4. Watch first then play in parallel.  For your first experience it is vital that everyone decide their comfort zones. Therefore, it is critical to progress progressively, mainly if one person is apprehensive. Try watching another couple play. If you are both comfortable with this  - enjoy the excitement and play together, just the two of you, but in the same room as another couple.

5. Play at the same level as your partner.  Try to keep the level of intimacy between all people involucred about equal. this is only just a recommendation, not a strict rule. anyhow, the more the balance of intimacy falters, the more probable it is that somebody will become comfortless. If your partner is having full-fledged intercourse while you are just talking with your swapped partner you could become comfortless fairly rapidly, mainly if you are new to the way of life.

6. Ensure both partners are having FUN!  Play so as to you both are having fun. do not focus on just one person so as to one of you is getting each and every one of the attention, mainly in your first few encounters. With experience it is easier to “take turns” and keep everyone happy and comfy.

7. Decide a "save me" signal.  Before you start off any swinging encounters decide a signal that either partner can give at any point in the experience that tells "Something is up. We require to discussion." This signal will be used if somebody becomes edgy. If the signal is provided by either partner stop and talk instantly, it doesn't matter what is occurring.

8. Take home the eroticism and passion.  Playing with another couple can exponentially boost the sexual attraction between you and your significant other. One of the main factors couples swing is to improve their own relationship, both sexually and emotionally. a fantastic swinging experience improves your own relationship. Chat about your encounters when you get home.

9. Men, don't be surprised if you have difficulty keeping an erection. Women, be ready to play without an erection to assist.  One of nature's cruelest jokes was to give a man his most desired fantasy only to have experience penis malfunction. It will happen. apart from the usual conception that men will jump at any possibility for sex despite the fact of the partner, it is often complicated for a male to overcome the socially reinforced belief that sleeping with somebody other than his partner is forbidden.

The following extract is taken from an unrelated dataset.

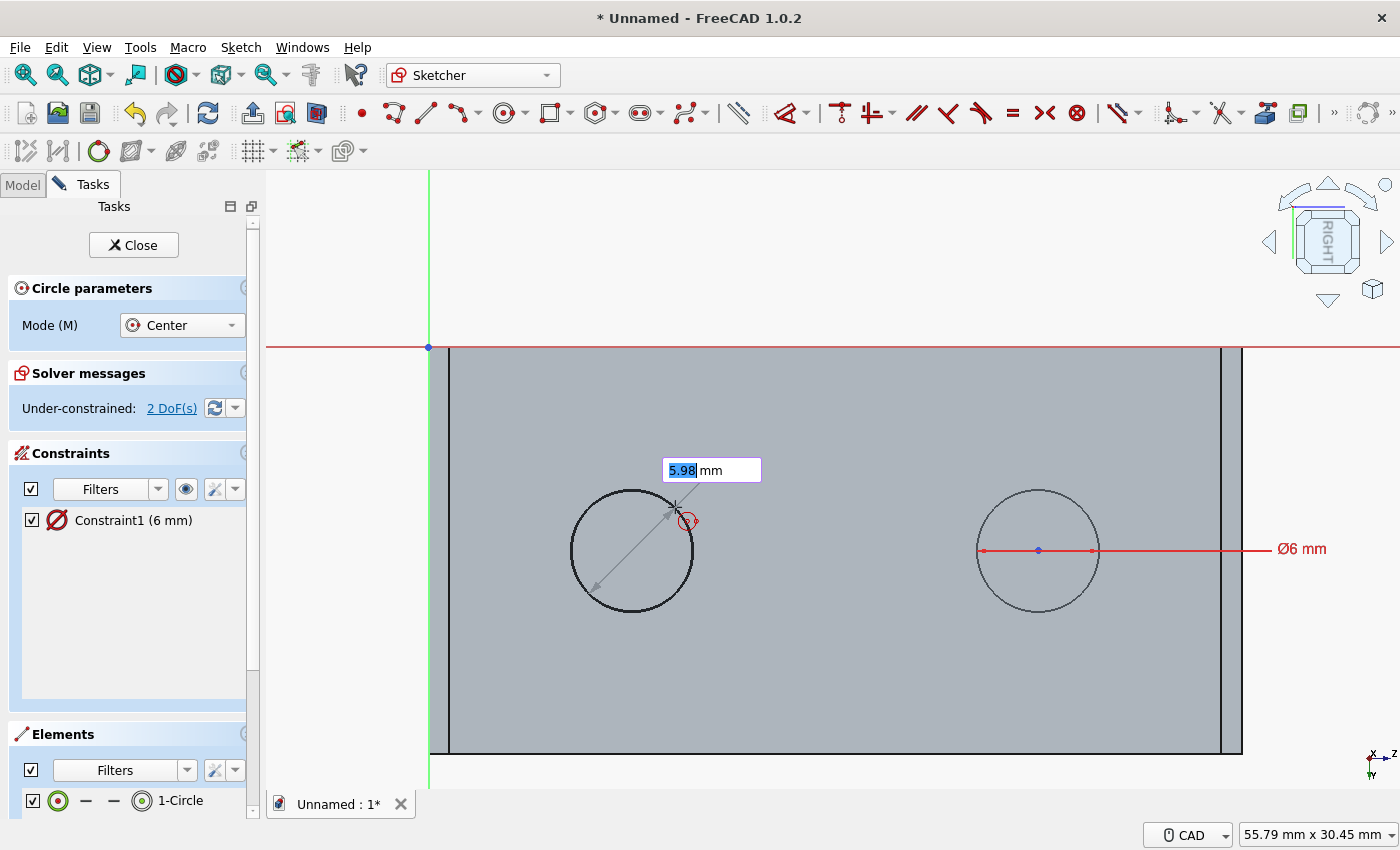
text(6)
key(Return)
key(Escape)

10. Swinging might be a bad experience if:

* somebody gets a disease
* you believe that swinging is wrong but wonder if a personal experience could persuade you otherwise (you will not be convinced)
* you don't communicate with your partner
* you are not elaborated emotionally or physically

11. You can make swinging even better for you and your partner by:

* staying in communication with your partner
* experience erotic pleasure in ways except intercourse
* increasing your experiences to include even more fun games to play at home

12. No signifies no. ...but once in a while its difficult to say no. You could be unsure of your partner's feelings or even our own, you may not know how to mention "no", or you may just be uncomfortable ignoring someone. In the case you need/want to mention "no" but can't/won't, easily withdraw. Go to the bathroom. Establishing a no-pressure circumstance is extremely important when swinging, mainly for newcomers.

13.  Don't play with couples in conflict.  We all have setbacks from time to time. anyhow, if it is palpable that a couple is not getting along it is probable that swinging with that couple will become negative.

14. HAVE FUN!

Swinging is about enjoying intimacy with your partner and heightening the experience by this includes other couples. Just enjoy the indulgence and have fun!